§ ABOUT THIS EXERCISE
Go over the data and copy out each line with "shiny" in it.

#### TASK MATERIAL

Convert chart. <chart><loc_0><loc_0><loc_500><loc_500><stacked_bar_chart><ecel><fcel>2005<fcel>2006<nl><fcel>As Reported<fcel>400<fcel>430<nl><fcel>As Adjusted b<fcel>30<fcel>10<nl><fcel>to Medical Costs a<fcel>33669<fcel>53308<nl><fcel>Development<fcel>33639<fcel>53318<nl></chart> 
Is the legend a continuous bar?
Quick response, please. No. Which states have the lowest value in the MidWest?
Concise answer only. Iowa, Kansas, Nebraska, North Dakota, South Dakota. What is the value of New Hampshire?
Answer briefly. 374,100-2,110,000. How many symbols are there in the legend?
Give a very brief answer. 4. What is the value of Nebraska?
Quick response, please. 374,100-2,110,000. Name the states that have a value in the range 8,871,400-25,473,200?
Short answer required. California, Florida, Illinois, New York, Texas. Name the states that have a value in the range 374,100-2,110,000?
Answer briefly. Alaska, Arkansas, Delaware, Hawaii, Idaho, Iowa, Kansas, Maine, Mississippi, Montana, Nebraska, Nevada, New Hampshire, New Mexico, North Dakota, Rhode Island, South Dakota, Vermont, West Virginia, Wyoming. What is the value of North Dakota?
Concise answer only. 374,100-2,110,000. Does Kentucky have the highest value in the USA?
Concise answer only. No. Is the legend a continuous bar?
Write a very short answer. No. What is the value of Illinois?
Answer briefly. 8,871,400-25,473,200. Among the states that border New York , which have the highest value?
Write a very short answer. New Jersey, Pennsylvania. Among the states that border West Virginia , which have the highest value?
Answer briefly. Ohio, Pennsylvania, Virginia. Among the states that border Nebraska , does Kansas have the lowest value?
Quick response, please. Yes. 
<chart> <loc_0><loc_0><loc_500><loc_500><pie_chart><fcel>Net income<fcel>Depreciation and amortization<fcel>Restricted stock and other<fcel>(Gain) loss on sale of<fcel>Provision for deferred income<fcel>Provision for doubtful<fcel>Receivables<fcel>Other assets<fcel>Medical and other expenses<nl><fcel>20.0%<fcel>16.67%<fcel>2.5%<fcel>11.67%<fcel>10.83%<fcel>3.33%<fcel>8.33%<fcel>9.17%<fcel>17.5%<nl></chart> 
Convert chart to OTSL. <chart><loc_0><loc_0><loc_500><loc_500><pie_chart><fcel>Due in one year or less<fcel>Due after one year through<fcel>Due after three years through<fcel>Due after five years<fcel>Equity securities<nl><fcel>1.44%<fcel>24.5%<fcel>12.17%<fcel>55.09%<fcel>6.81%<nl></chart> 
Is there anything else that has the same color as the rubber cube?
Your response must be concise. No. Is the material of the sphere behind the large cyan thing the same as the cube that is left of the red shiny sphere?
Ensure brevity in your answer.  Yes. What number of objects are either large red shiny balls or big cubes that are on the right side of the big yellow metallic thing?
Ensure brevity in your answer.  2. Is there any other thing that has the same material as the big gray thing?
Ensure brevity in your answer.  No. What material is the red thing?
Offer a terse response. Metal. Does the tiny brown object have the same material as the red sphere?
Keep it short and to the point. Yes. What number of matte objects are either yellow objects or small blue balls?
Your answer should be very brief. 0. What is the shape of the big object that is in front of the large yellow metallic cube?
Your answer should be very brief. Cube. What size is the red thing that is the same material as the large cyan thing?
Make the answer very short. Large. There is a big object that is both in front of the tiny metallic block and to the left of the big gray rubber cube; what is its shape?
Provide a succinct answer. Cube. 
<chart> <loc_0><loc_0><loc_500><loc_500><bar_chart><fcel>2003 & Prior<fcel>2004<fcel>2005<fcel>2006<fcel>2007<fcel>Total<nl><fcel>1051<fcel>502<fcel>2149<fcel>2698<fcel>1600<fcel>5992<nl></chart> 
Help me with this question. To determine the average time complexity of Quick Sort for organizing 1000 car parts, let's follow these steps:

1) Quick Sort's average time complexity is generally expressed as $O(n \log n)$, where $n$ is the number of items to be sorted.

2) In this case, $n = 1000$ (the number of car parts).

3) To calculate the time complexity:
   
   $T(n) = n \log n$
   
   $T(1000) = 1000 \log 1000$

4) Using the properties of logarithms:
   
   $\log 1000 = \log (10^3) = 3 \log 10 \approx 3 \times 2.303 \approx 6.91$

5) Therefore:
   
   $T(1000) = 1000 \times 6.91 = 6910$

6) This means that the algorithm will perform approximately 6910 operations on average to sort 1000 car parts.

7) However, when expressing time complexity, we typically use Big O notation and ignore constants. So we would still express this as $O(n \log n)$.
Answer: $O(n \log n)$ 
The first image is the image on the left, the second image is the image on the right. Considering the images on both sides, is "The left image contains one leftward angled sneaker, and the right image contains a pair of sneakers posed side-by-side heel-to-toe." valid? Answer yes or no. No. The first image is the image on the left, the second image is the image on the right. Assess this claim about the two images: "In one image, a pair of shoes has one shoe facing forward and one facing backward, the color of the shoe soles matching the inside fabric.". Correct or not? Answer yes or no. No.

########

§ THE COMPLETED TASK
Your response must be concise. No. Is the material of the sphere behind the large cyan thing the same as the cube that is left of the red shiny sphere?
Ensure brevity in your answer.  Yes. What number of objects are either large red shiny balls or big cubes that are on the right side of the big yellow metallic thing?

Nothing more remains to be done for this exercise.